#### WHAT IS REQUIRED
The required output is the run of lines from the one holding "Represent the person" through the final line of the listing, restated word for word, with no pictures.

#### DATASET CONTENT

Content starts

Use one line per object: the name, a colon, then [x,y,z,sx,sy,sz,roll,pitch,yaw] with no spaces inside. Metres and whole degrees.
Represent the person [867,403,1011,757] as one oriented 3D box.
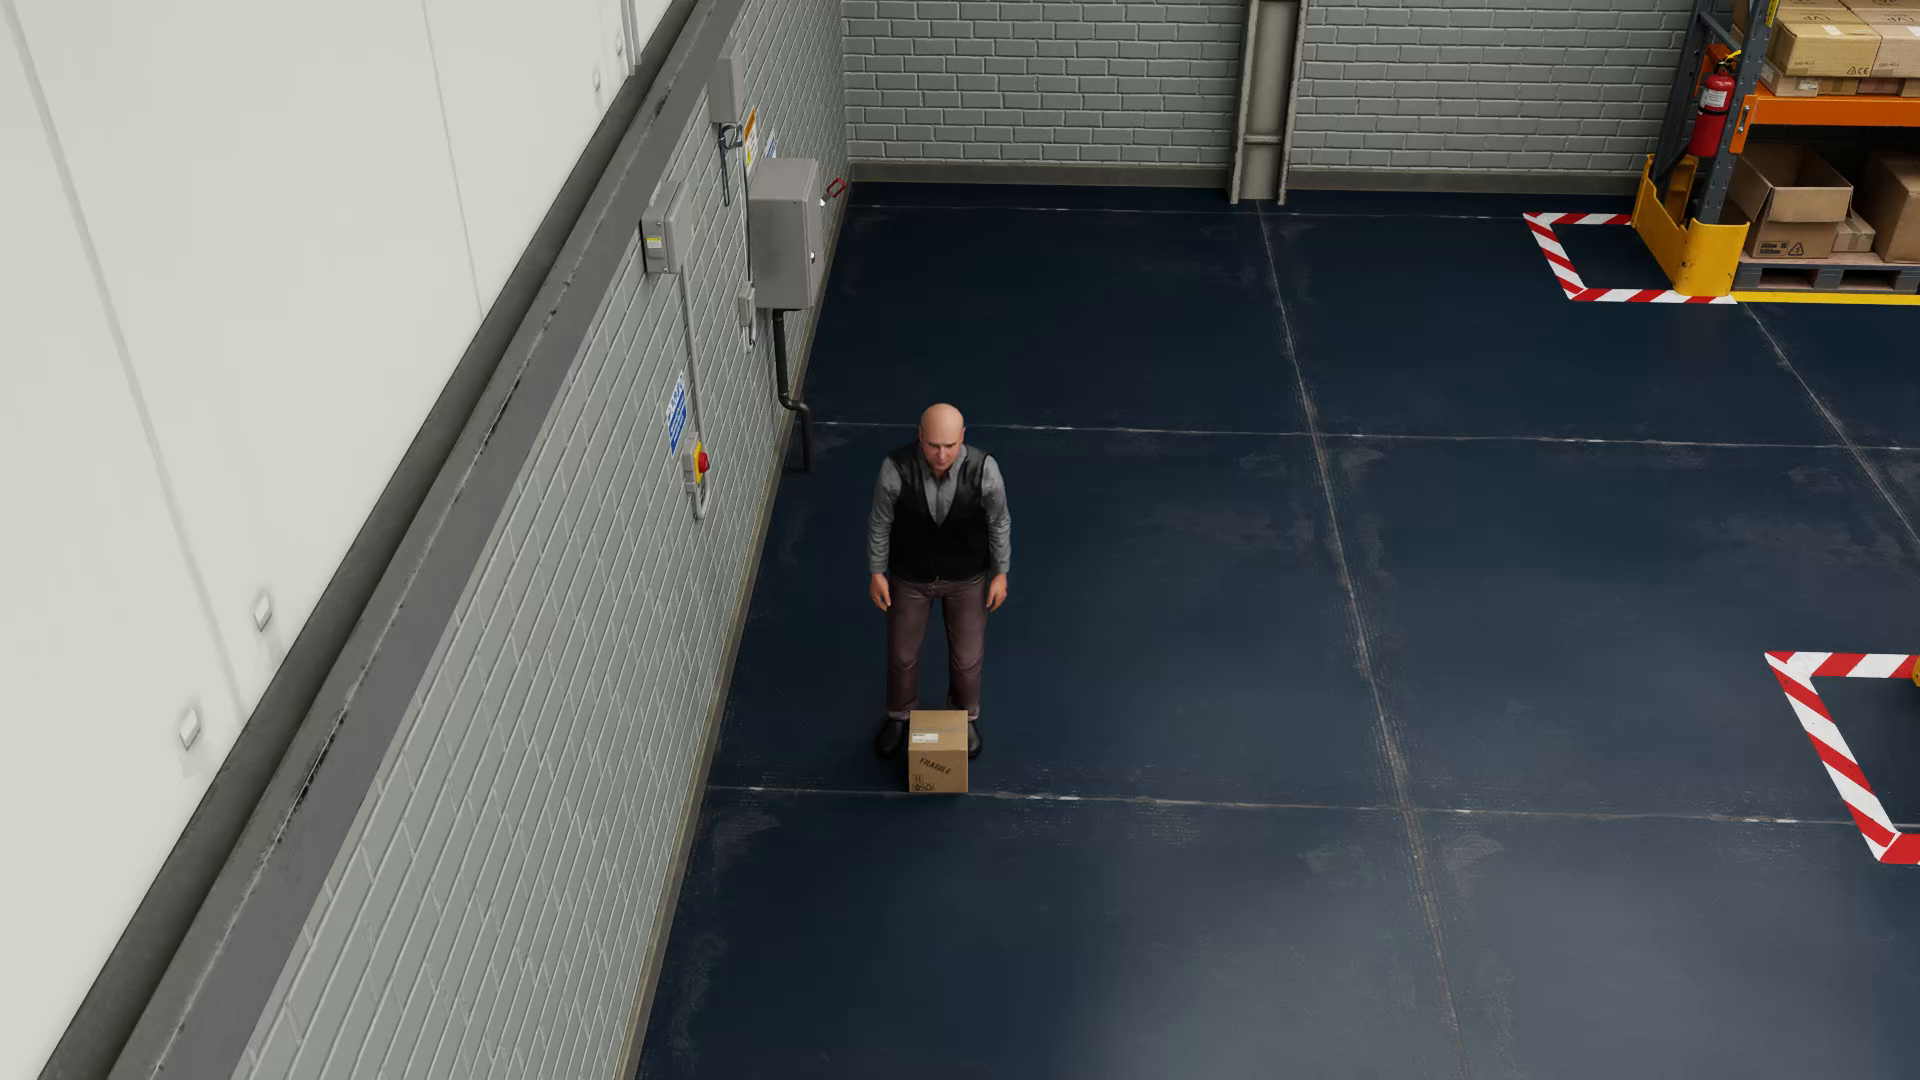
person: [-0.086,0.145,6.934,0.588,1.721,0.411,0,35,1]

Content ends

#### RESULT OF THIS TASK
Represent the person [867,403,1011,757] as one oriented 3D box.
person: [-0.086,0.145,6.934,0.588,1.721,0.411,0,35,1]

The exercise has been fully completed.